Josse finished his meal and waited while Ninian wolfed down a second helping. Josse felt strangely calm: he had the answer he had gone searching for and he looked forward to revealing all that he had discovered to Queen Eleanor. He made himself concentrate on that happy prospect to the exclusion of everything else. He did not dare think about Joanna. The time would come when he would have to, he knew it, but he would try to wait until he was back home in England. There he could be sure of th
e support of people who loved him to help him through his grief.
Ninian had finished at last. Leaving the horses in the inn’s stables, they set off for the castle.
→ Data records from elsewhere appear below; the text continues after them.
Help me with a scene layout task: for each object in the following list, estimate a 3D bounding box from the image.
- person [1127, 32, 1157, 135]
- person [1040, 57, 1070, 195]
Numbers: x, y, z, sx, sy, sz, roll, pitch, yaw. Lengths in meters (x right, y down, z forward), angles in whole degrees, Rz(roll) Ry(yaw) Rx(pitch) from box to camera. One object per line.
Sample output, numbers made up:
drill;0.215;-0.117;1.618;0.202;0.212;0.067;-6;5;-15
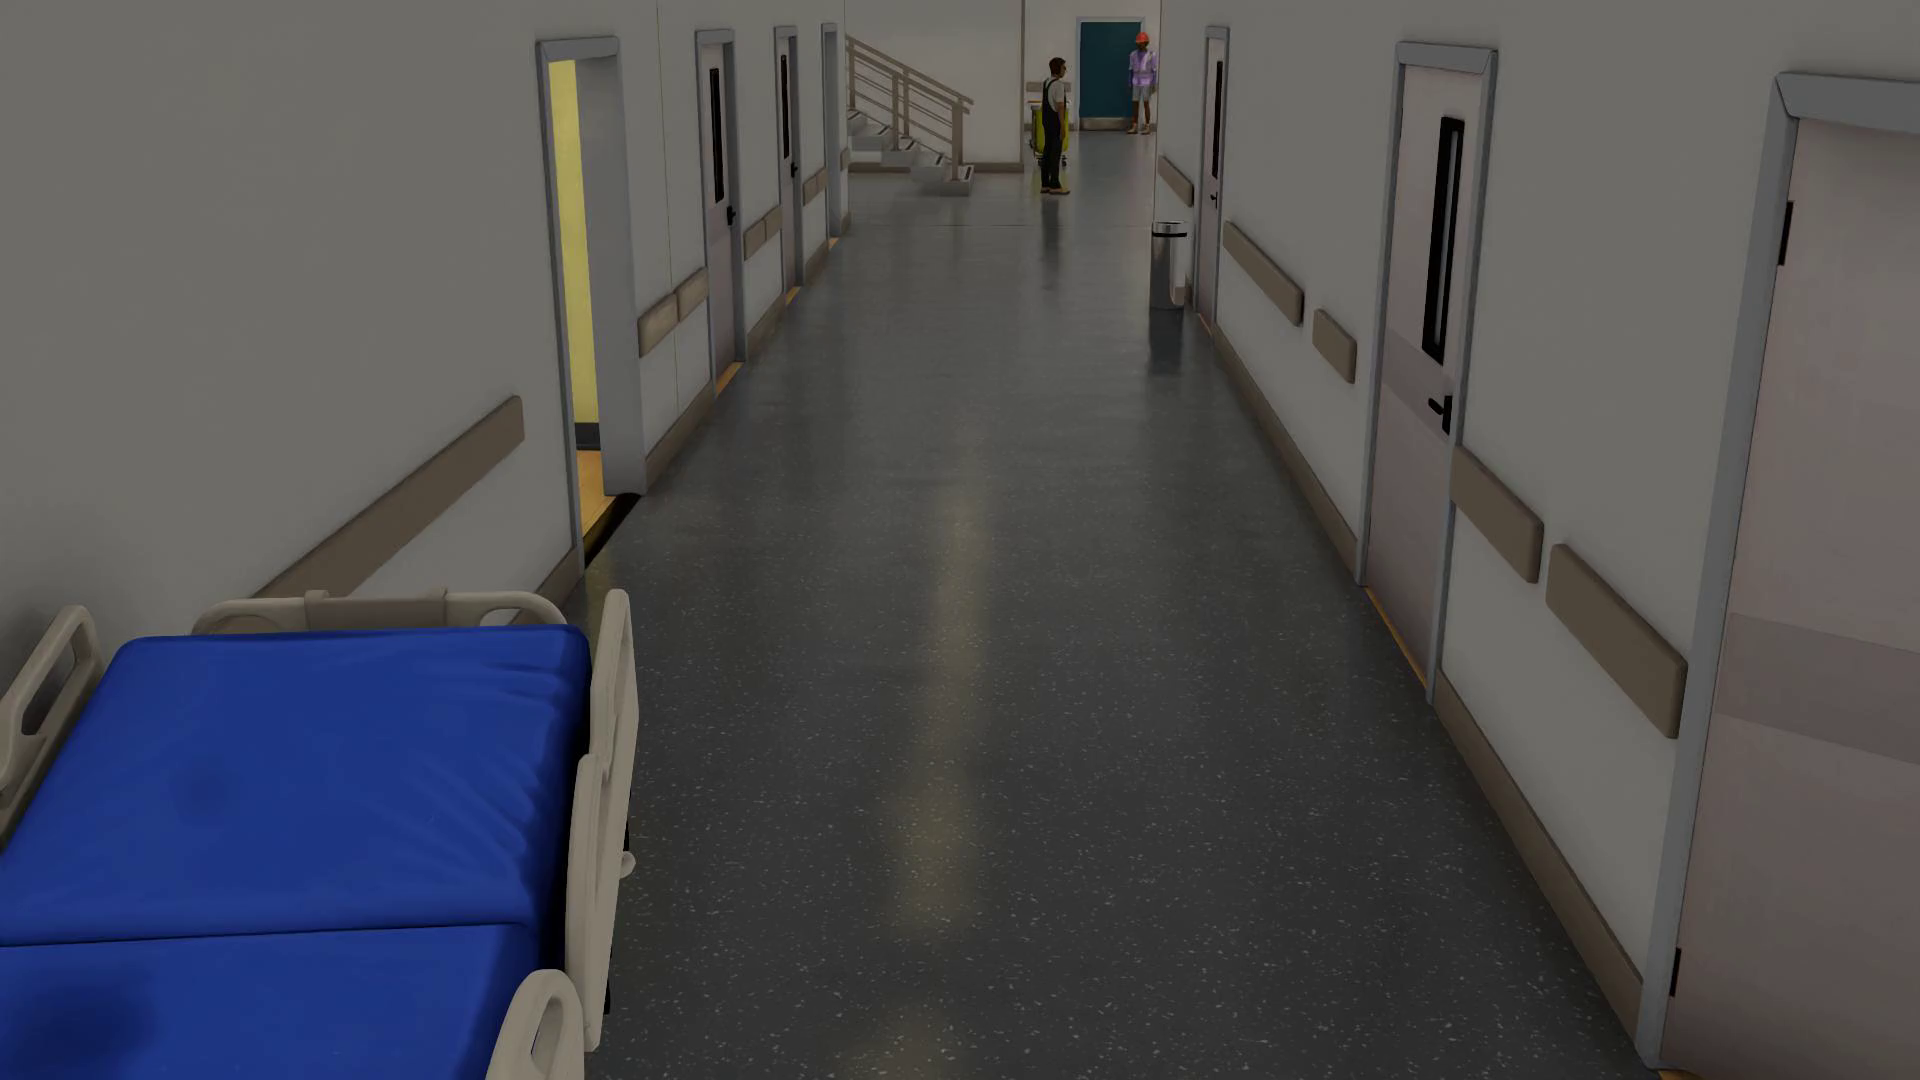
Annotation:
person;3.709;-9.333;34.025;0.615;2.038;0.395;11;21;30
person;1.305;-5.700;22.924;0.328;1.842;0.514;-8;19;-24

Josse had explained to Ninian why they were in Rouen and what they had to do. The boy had accepted it without comment and Josse had believed he was not particularly anxious at the prospect of telling his story to the queen. If only, Josse mused, he knew . . . But it was not his secret to tell and firmly he arrested the thought.
Now, however, as they waited in a huge anteroom for the summons to go before the queen, Ninian looked very nervous. He was probably reliving that terrible night in the tower, Josse thought. Such memories would be enough to make anyone look apprehensive.
The servant who had taken Josse’s message to the queen returned and led the way up some wide stone stairs, along a corridor, up some more steps and into a large room sumptuously furnished with beautifully carved chairs, chests and tables, its walls hung with colourful tapestries whose general theme seemed to be the lauding of the Plantagenets and their deeds. Queen Eleanor was seated in a high-backed chair on a low dais. She nodded an acknowledgement to Josse’s low, respectful bow and, dismissing both the servant and the two ladies who had been sitting beside her, beckoned him forward. Ninian remained by the doorway.
Josse kneeled before her, lowered his head and said, ‘My lady, your son the late king was on the Île d’Oléron that night in March.’ He heard her quick, sharp intake of breath. ‘His purpose, however, was not to participate in what was going on in the tower at World’s End but to stop it.’
There was a long silence. Josse did not dare look up. Presently the queen said, ‘You are quite sure of this?’ Her voice was low and oddly hesitant, as if, having steeled herself for bad news, she could not quite believe that it was not forthcoming.